Suppose we want to train 50 models independently, even if you have access to an online gpu clustering service you can probably only submit say10 tasks at one time. I want to figure out if it is possible to put all 50 models to multiprocessing training in one single script and train all of them concurrently. They are all independent models so there is no information exchange issue.
I was reading some posts discussing this topic, and seems some believe this is overall impossible, because only cpu do multiprocessing, while gpu can only train one model at one time. I still try two approaches, but they both seem to behave weirdly. The two approaches are both trying to train 50 models on gpus cuda:0 to cuda:3
- The first method I try is the build-in torch.multiprocessing. Suppose you have a console input args.num_gpu recording the current available number of gpus,
num_gpu = args.num_gpu
id_list # <- a list of 50 elements ,each record the id for the specific model we want to train
DEVICE = 'cuda:{}'
processes = []
mp.set_start_method("spawn")
for pid, id_info in enumerate(id_list):
gpu_id = pid % num_gpu
process = mp.Process(target=run, args=(cfg, args, id_info, torch.device(DEVICE.format(gpu_id))))
process.start()
processes.append(process)
The method run here takes the assigned gpu and the model information, initializes the model, optimizer, loss function, datasets, dataloader, etc. and trains the model in a number of epochs.
What I observe is that some models are training, some models’ training process never get launched, and some models forward passing processes have the error of two tensors are on two devices, cuda:0 and cuda:X where X can be any gpu I assign in this task. The whole training behavior is messy and unpredictable.
- The next method is joblib,
with parallel_backend('loky', n_jobs=-1):
parallel = Parallel(n_jobs=-1)
print(f"Number of jobs running: {parallel.n_jobs}")
n_jobs = parallel.n_jobs
parallel(
delayed(run)(cfg, args, id_pair, torch.device(DEVICE.format(pid % num_gpu)))
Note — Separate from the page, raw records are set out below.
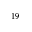Convert formula to latex. <formula><loc_0><loc_0><loc_500><loc_500>^ { 1 9 }</formula> 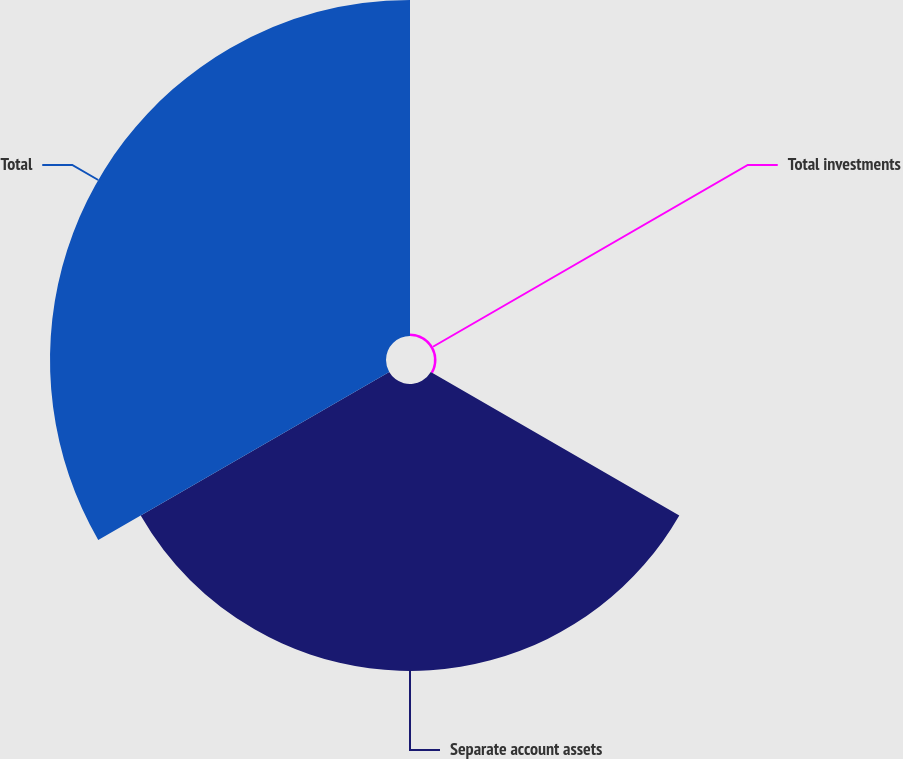Convert chart to OTSL. <chart><loc_0><loc_0><loc_500><loc_500><pie_chart><fcel>Total investments<fcel>Separate account assets<fcel>Total<nl><fcel>0.4%<fcel>45.88%<fcel>53.72%<nl></chart> 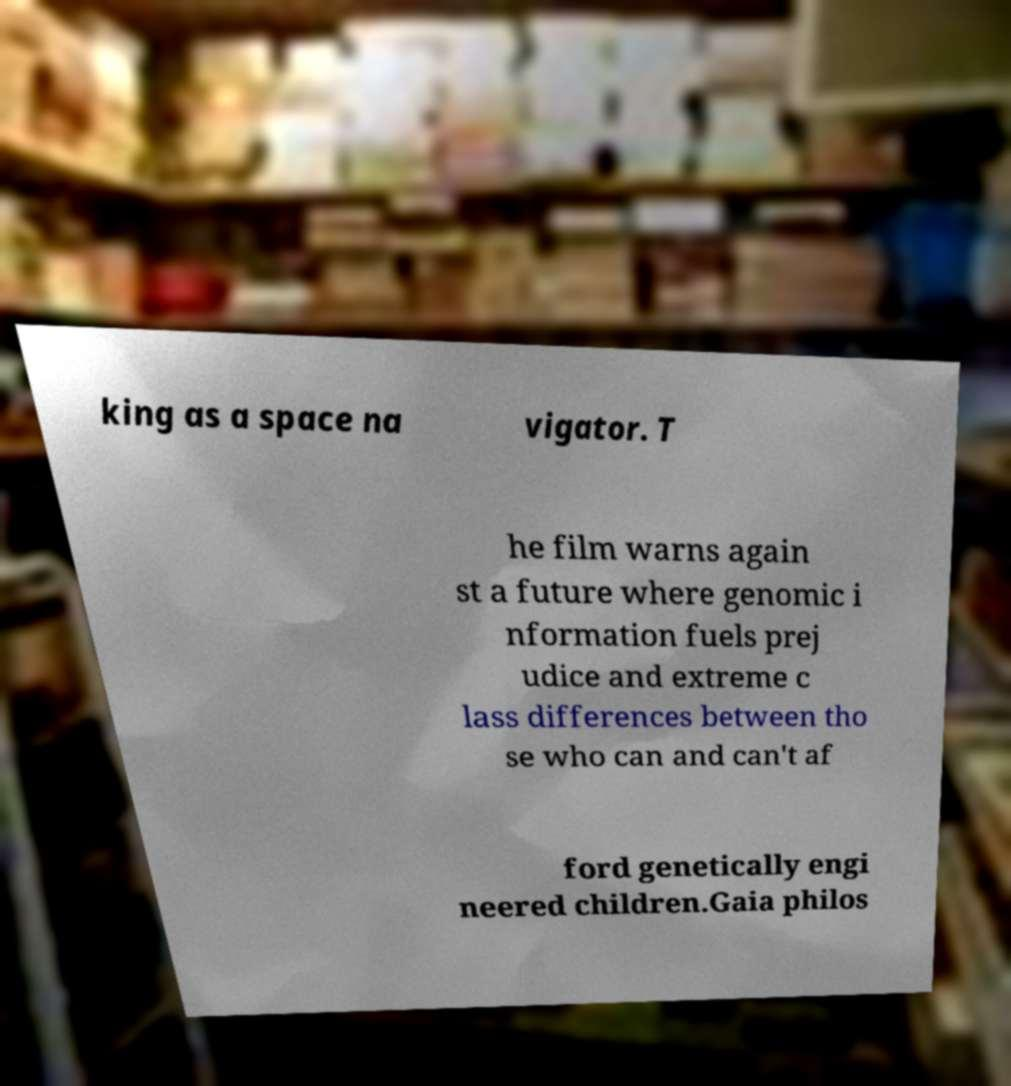What messages or text are displayed in this image? I need them in a readable, typed format. king as a space na vigator. T he film warns again st a future where genomic i nformation fuels prej udice and extreme c lass differences between tho se who can and can't af ford genetically engi neered children.Gaia philos 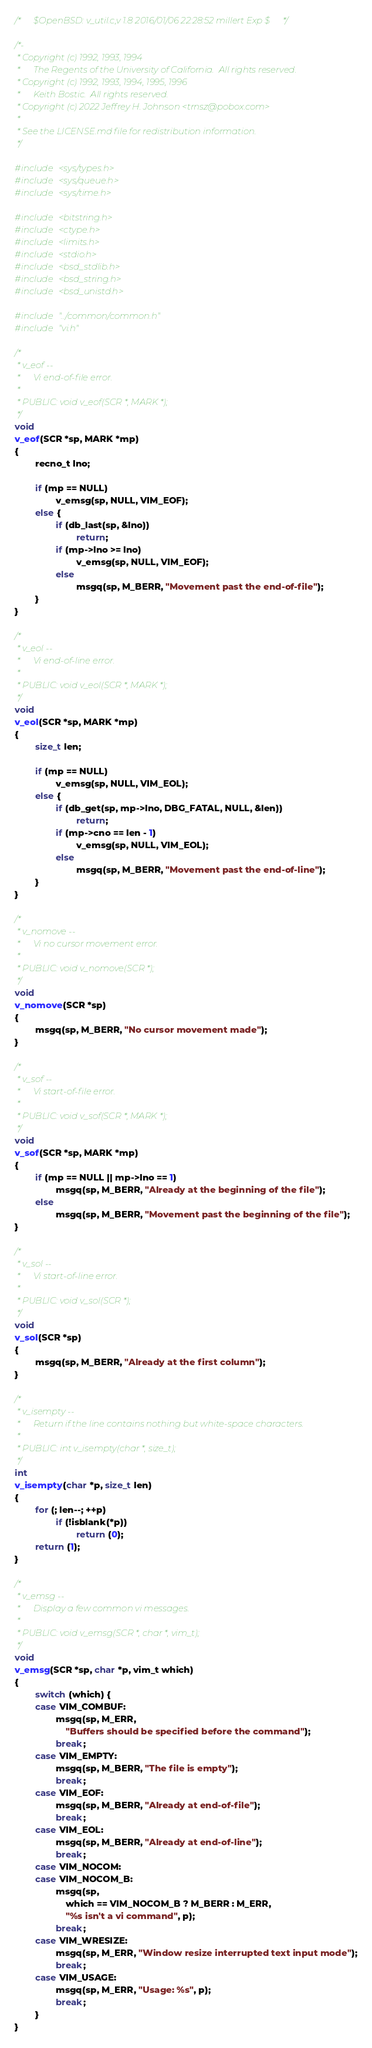Convert code to text. <code><loc_0><loc_0><loc_500><loc_500><_C_>/*      $OpenBSD: v_util.c,v 1.8 2016/01/06 22:28:52 millert Exp $      */

/*-
 * Copyright (c) 1992, 1993, 1994
 *      The Regents of the University of California.  All rights reserved.
 * Copyright (c) 1992, 1993, 1994, 1995, 1996
 *      Keith Bostic.  All rights reserved.
 * Copyright (c) 2022 Jeffrey H. Johnson <trnsz@pobox.com>
 *
 * See the LICENSE.md file for redistribution information.
 */

#include <sys/types.h>
#include <sys/queue.h>
#include <sys/time.h>

#include <bitstring.h>
#include <ctype.h>
#include <limits.h>
#include <stdio.h>
#include <bsd_stdlib.h>
#include <bsd_string.h>
#include <bsd_unistd.h>

#include "../common/common.h"
#include "vi.h"

/*
 * v_eof --
 *      Vi end-of-file error.
 *
 * PUBLIC: void v_eof(SCR *, MARK *);
 */
void
v_eof(SCR *sp, MARK *mp)
{
        recno_t lno;

        if (mp == NULL)
                v_emsg(sp, NULL, VIM_EOF);
        else {
                if (db_last(sp, &lno))
                        return;
                if (mp->lno >= lno)
                        v_emsg(sp, NULL, VIM_EOF);
                else
                        msgq(sp, M_BERR, "Movement past the end-of-file");
        }
}

/*
 * v_eol --
 *      Vi end-of-line error.
 *
 * PUBLIC: void v_eol(SCR *, MARK *);
 */
void
v_eol(SCR *sp, MARK *mp)
{
        size_t len;

        if (mp == NULL)
                v_emsg(sp, NULL, VIM_EOL);
        else {
                if (db_get(sp, mp->lno, DBG_FATAL, NULL, &len))
                        return;
                if (mp->cno == len - 1)
                        v_emsg(sp, NULL, VIM_EOL);
                else
                        msgq(sp, M_BERR, "Movement past the end-of-line");
        }
}

/*
 * v_nomove --
 *      Vi no cursor movement error.
 *
 * PUBLIC: void v_nomove(SCR *);
 */
void
v_nomove(SCR *sp)
{
        msgq(sp, M_BERR, "No cursor movement made");
}

/*
 * v_sof --
 *      Vi start-of-file error.
 *
 * PUBLIC: void v_sof(SCR *, MARK *);
 */
void
v_sof(SCR *sp, MARK *mp)
{
        if (mp == NULL || mp->lno == 1)
                msgq(sp, M_BERR, "Already at the beginning of the file");
        else
                msgq(sp, M_BERR, "Movement past the beginning of the file");
}

/*
 * v_sol --
 *      Vi start-of-line error.
 *
 * PUBLIC: void v_sol(SCR *);
 */
void
v_sol(SCR *sp)
{
        msgq(sp, M_BERR, "Already at the first column");
}

/*
 * v_isempty --
 *      Return if the line contains nothing but white-space characters.
 *
 * PUBLIC: int v_isempty(char *, size_t);
 */
int
v_isempty(char *p, size_t len)
{
        for (; len--; ++p)
                if (!isblank(*p))
                        return (0);
        return (1);
}

/*
 * v_emsg --
 *      Display a few common vi messages.
 *
 * PUBLIC: void v_emsg(SCR *, char *, vim_t);
 */
void
v_emsg(SCR *sp, char *p, vim_t which)
{
        switch (which) {
        case VIM_COMBUF:
                msgq(sp, M_ERR,
                    "Buffers should be specified before the command");
                break;
        case VIM_EMPTY:
                msgq(sp, M_BERR, "The file is empty");
                break;
        case VIM_EOF:
                msgq(sp, M_BERR, "Already at end-of-file");
                break;
        case VIM_EOL:
                msgq(sp, M_BERR, "Already at end-of-line");
                break;
        case VIM_NOCOM:
        case VIM_NOCOM_B:
                msgq(sp,
                    which == VIM_NOCOM_B ? M_BERR : M_ERR,
                    "%s isn't a vi command", p);
                break;
        case VIM_WRESIZE:
                msgq(sp, M_ERR, "Window resize interrupted text input mode");
                break;
        case VIM_USAGE:
                msgq(sp, M_ERR, "Usage: %s", p);
                break;
        }
}
</code> 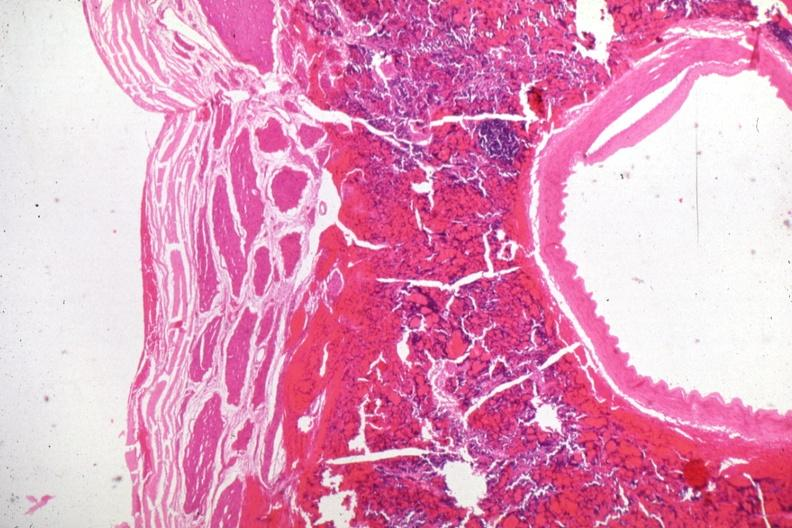s aorta present?
Answer the question using a single word or phrase. No 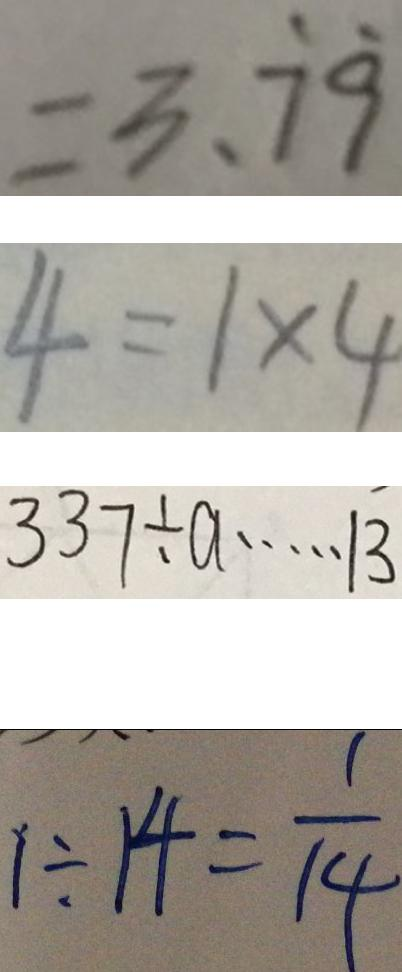<formula> <loc_0><loc_0><loc_500><loc_500>= 3 . \dot { 7 } \dot { 9 } 
 4 = 1 \times 4 
 3 3 7 \div a \cdots 1 3 
 1 \div 1 4 = \frac { 1 } { 1 4 }</formula>

for pid, id_info in enumerate(id_list)
)
If I set the number of gpu to be 1, it only trains one model. If I increase the number of gpu, then it trains that number of models simultaneously, but then during the forward pass I once again get an error says the tensors are on two different devices, and the two reported devices have some randomness, like the first time it reports they are on cuda:0 and cuda:1, the next time I rerun the script it says they are on cuda:0 and cuda:3 .
So my question is, does this whole idea of training a large amount of model simultaneously ever make sense? Or just as what I saw from the previous discussion that pytorch & gpu does not actually support it?